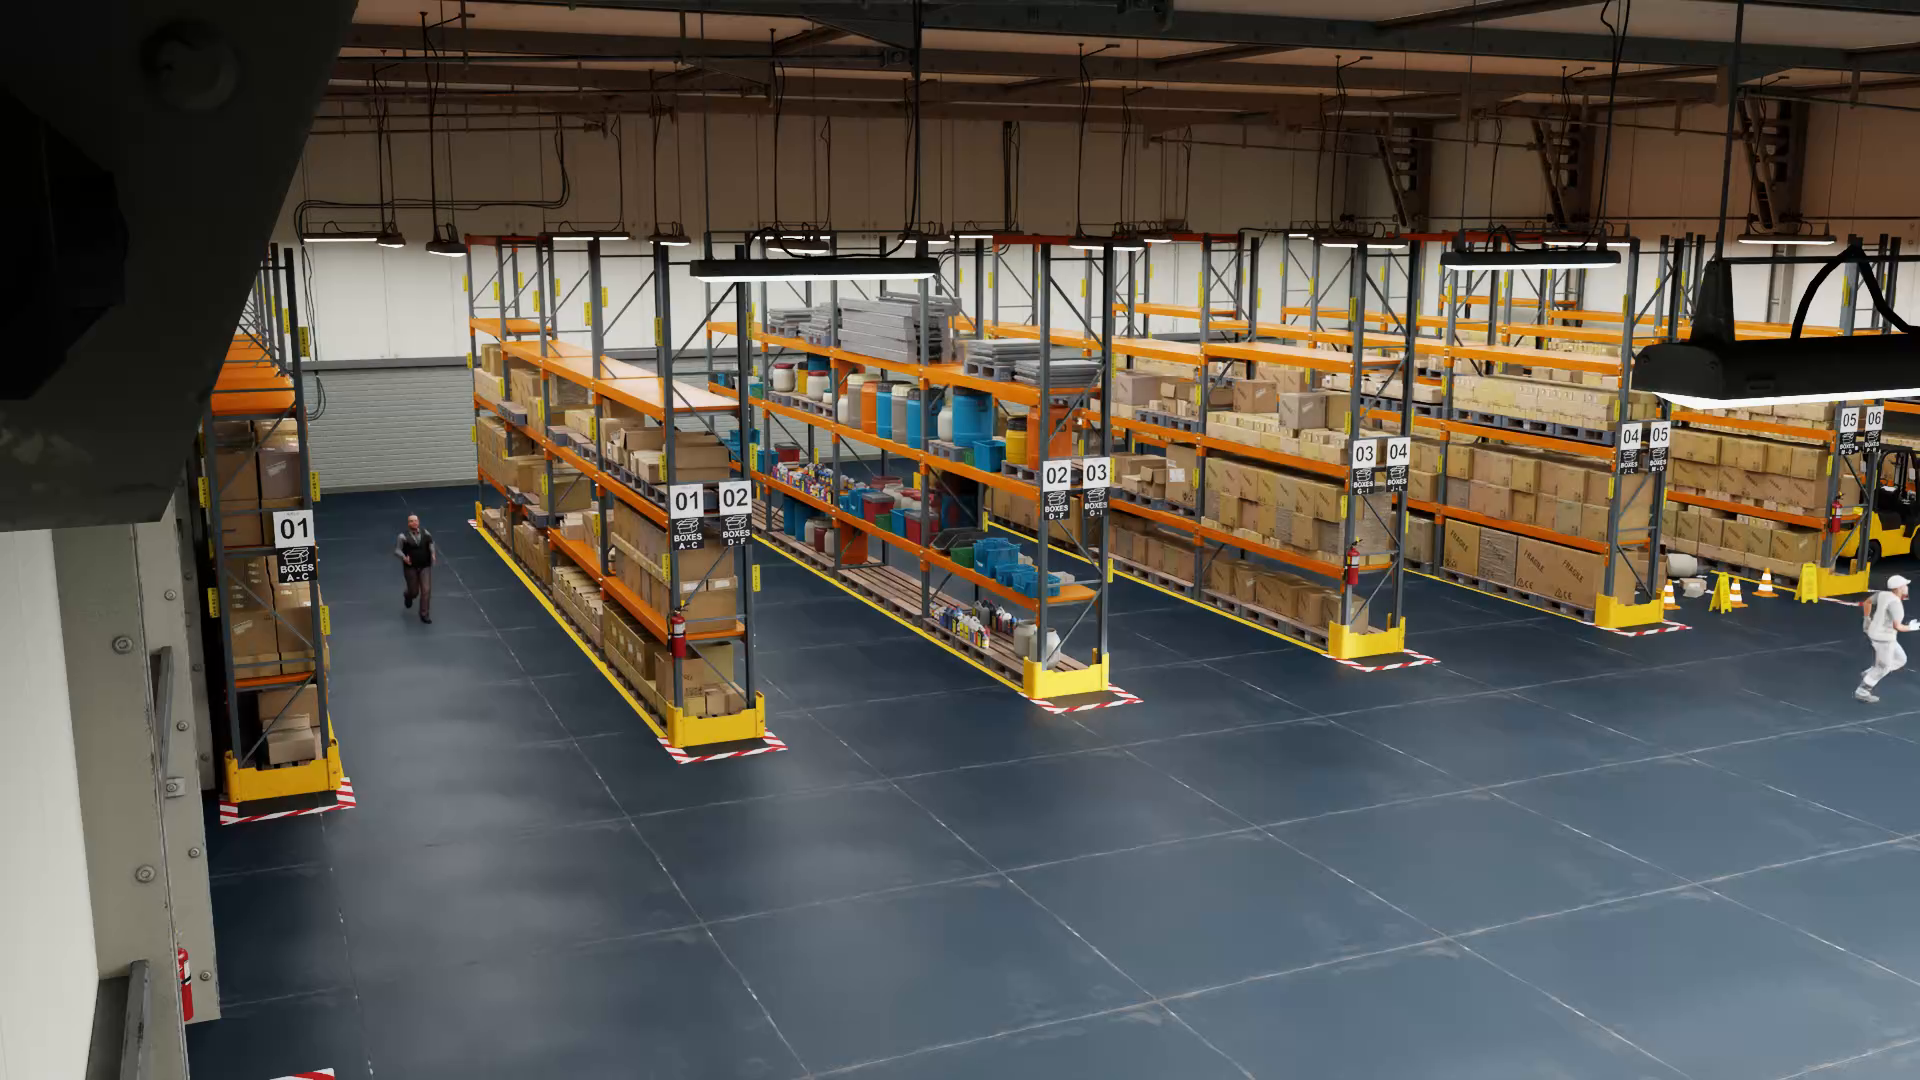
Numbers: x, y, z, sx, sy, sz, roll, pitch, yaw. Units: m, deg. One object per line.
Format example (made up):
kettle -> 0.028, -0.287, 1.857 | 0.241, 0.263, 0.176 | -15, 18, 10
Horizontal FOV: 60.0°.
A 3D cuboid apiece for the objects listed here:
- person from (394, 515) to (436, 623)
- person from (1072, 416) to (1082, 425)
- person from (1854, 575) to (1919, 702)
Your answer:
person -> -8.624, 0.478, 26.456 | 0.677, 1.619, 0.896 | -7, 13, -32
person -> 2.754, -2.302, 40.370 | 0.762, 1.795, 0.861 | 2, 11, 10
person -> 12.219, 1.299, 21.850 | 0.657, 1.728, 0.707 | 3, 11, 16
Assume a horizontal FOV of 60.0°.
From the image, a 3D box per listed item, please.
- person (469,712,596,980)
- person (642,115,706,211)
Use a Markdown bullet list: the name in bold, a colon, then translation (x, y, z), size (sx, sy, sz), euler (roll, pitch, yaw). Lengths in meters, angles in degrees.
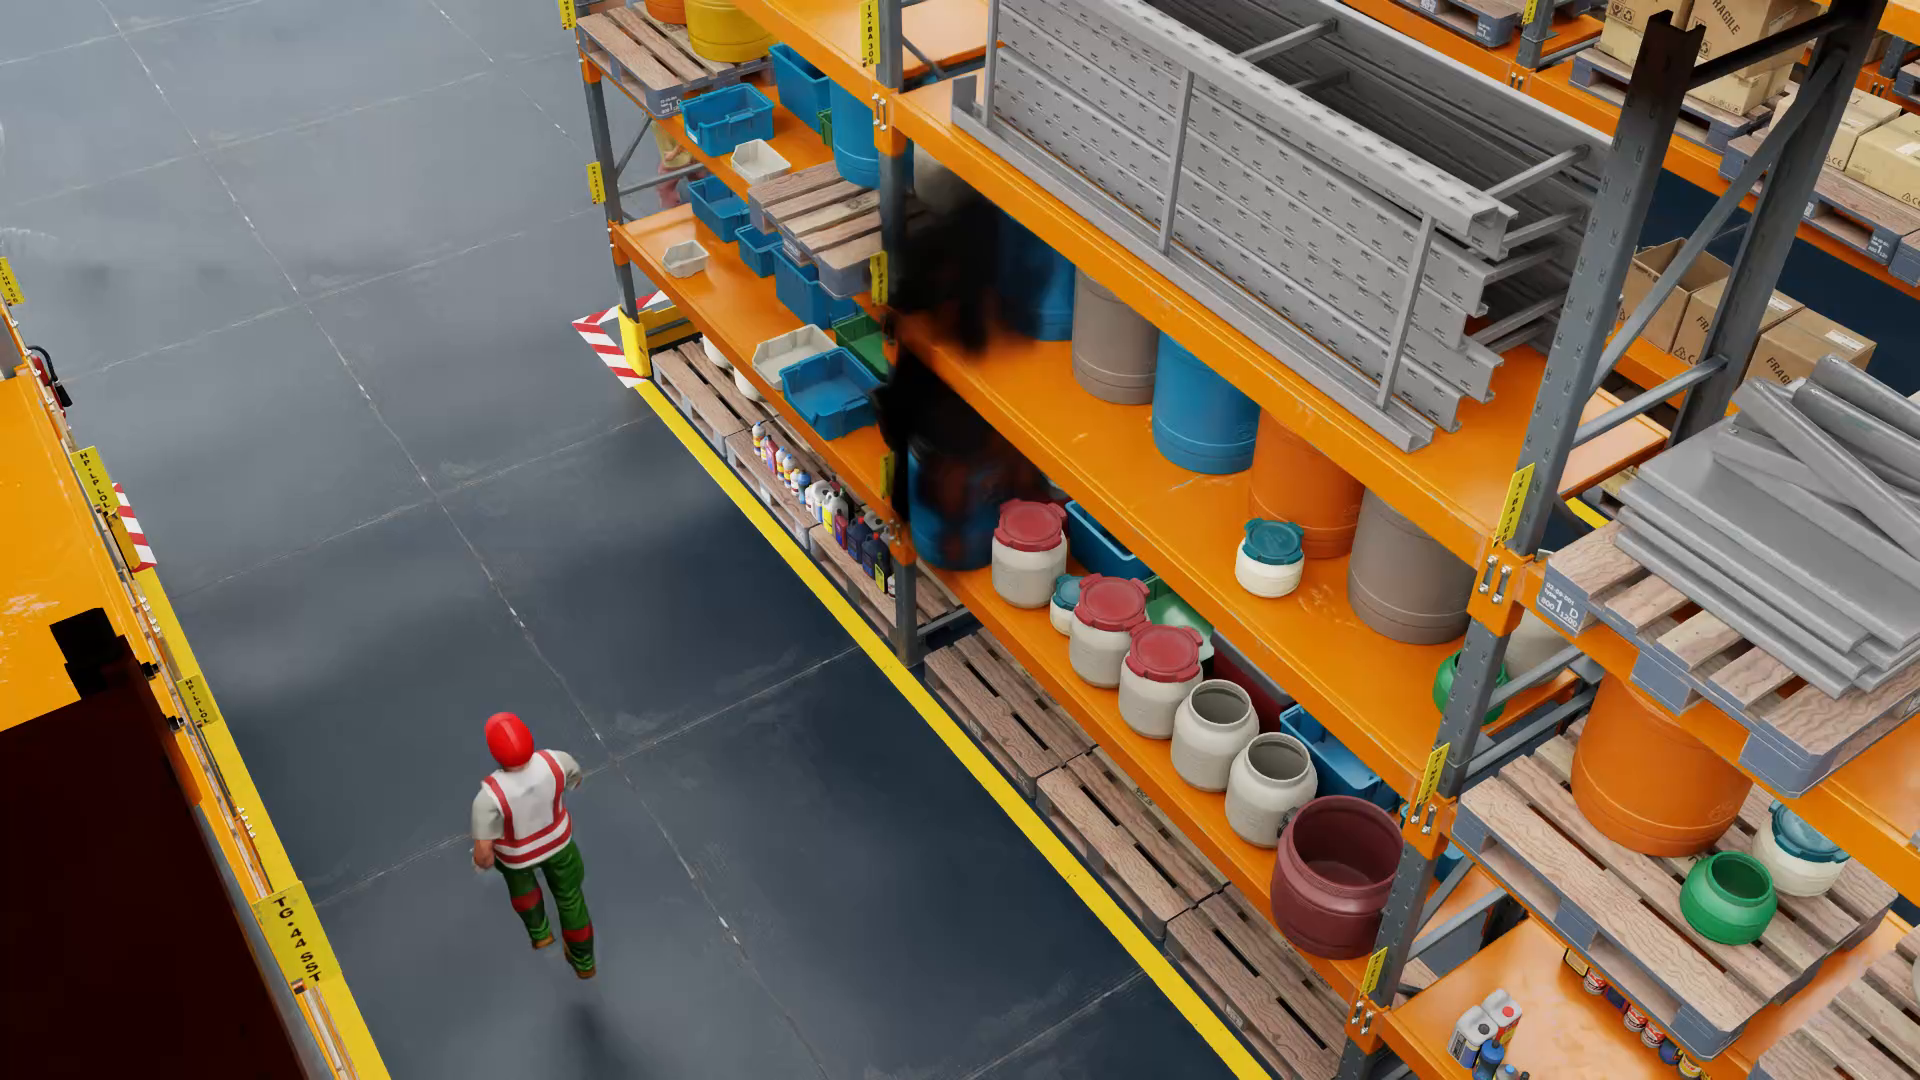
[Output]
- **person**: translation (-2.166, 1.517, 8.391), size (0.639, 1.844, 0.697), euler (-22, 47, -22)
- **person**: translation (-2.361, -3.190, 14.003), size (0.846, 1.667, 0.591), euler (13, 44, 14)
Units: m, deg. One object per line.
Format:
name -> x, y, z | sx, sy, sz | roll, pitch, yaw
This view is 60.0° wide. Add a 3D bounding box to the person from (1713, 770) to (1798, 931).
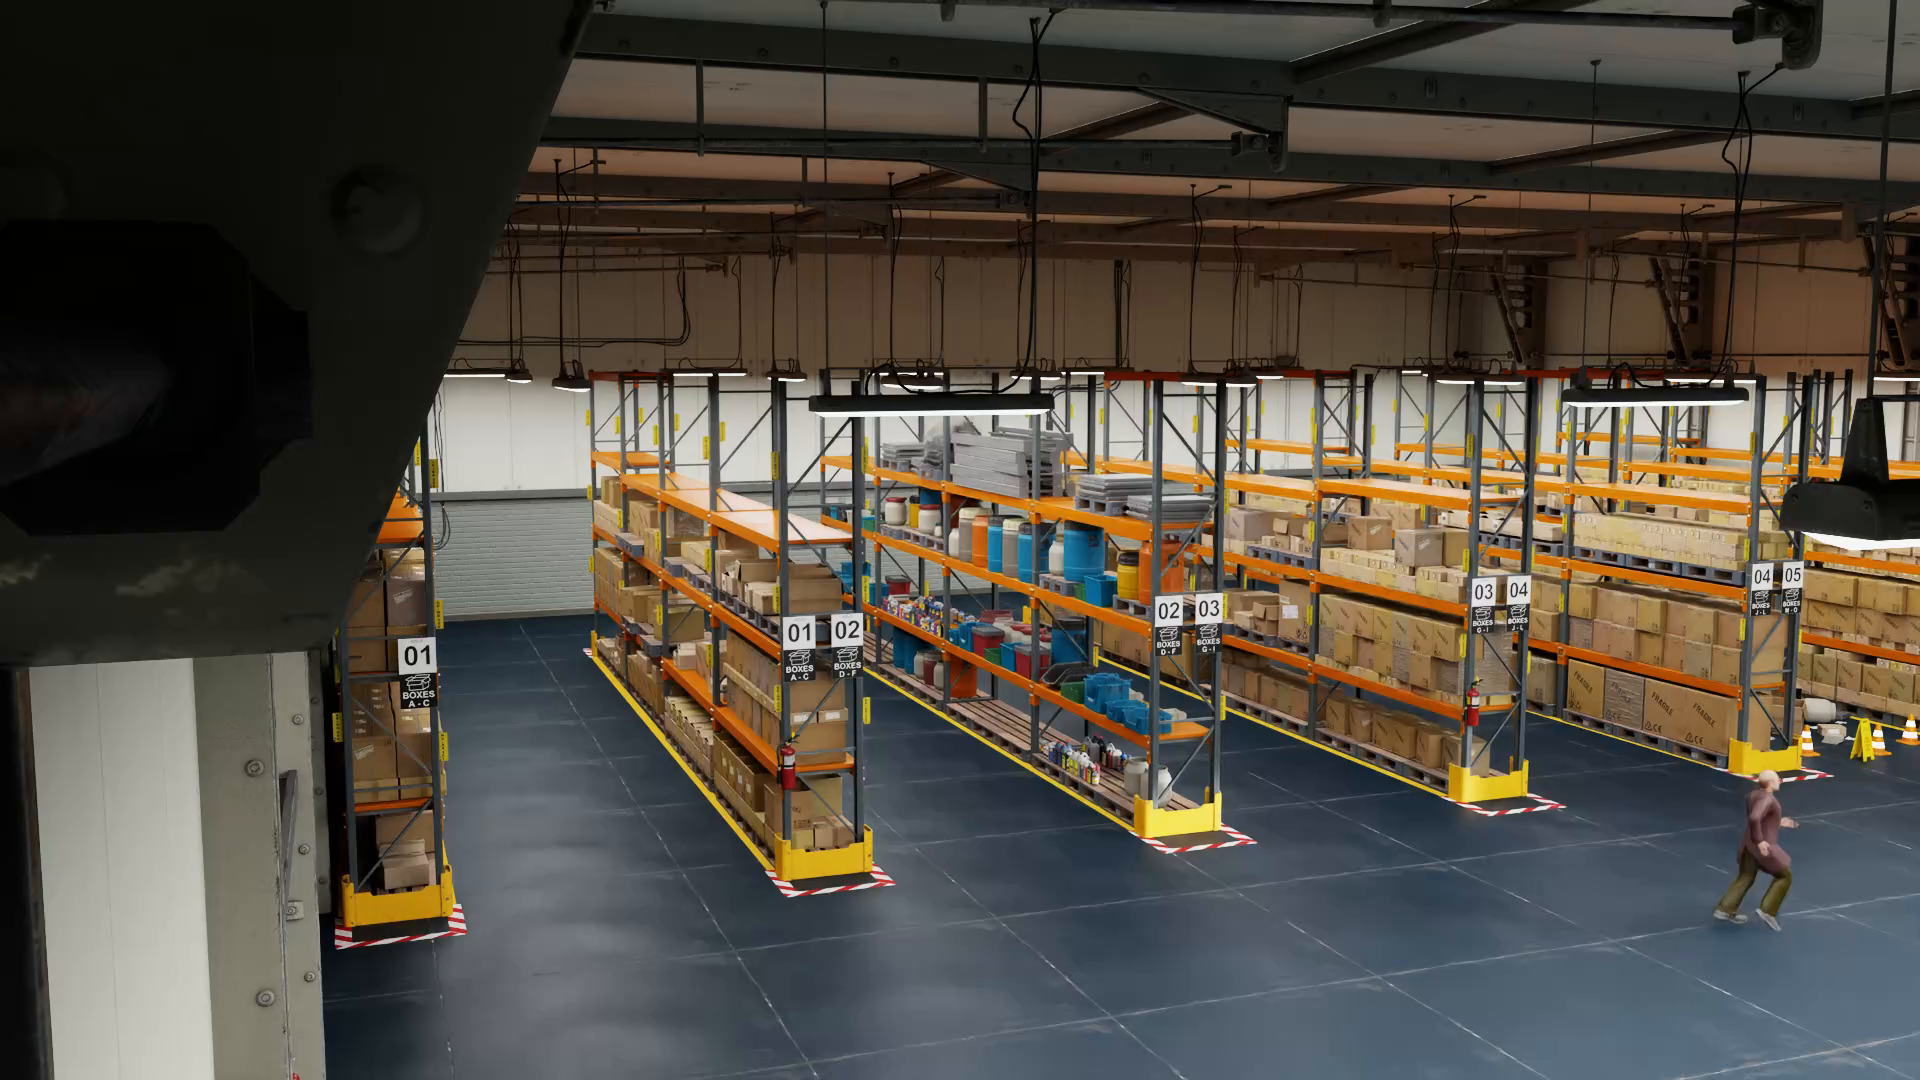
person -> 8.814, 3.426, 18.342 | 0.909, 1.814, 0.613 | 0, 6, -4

Task item: Reproduce the data word for word; no pictures.

Exercise response:
Numbers: x, y, z, sx, sy, sz, roll, pitch, yaw. Units: m, deg. One object per line.
Format example (made up):
kettle -> 0.028, -0.287, 1.857 | 0.241, 0.263, 0.176 | -15, 18, 10
Horizontal FOV: 60.0°.
A 3D cuboid apiece for the objects listed here:
- person from (394, 515) to (436, 623)
- person from (1072, 416) to (1082, 425)
- person from (1854, 575) to (1919, 702)
Your answer:
person -> -8.624, 0.478, 26.456 | 0.677, 1.619, 0.896 | -7, 13, -32
person -> 2.754, -2.302, 40.370 | 0.762, 1.795, 0.861 | 2, 11, 10
person -> 12.219, 1.299, 21.850 | 0.657, 1.728, 0.707 | 3, 11, 16
Assume a horizontal FOV of 60.0°.
From the image, a 3D box per listed item, please.
- person (469,712,596,980)
- person (642,115,706,211)
Use a Markdown bullet list: the name in bold, a colon, then translation (x, y, z), size (sx, sy, sz), euler (roll, pitch, yaw). Lengths in meters, angles in degrees.
[Output]
- **person**: translation (-2.166, 1.517, 8.391), size (0.639, 1.844, 0.697), euler (-22, 47, -22)
- **person**: translation (-2.361, -3.190, 14.003), size (0.846, 1.667, 0.591), euler (13, 44, 14)
Units: m, deg. One object per line.
Format:
name -> x, y, z | sx, sy, sz | roll, pitch, yaw
This view is 60.0° wide. Add a 3D bounding box to the person from (1713, 770) to (1798, 931).
person -> 8.814, 3.426, 18.342 | 0.909, 1.814, 0.613 | 0, 6, -4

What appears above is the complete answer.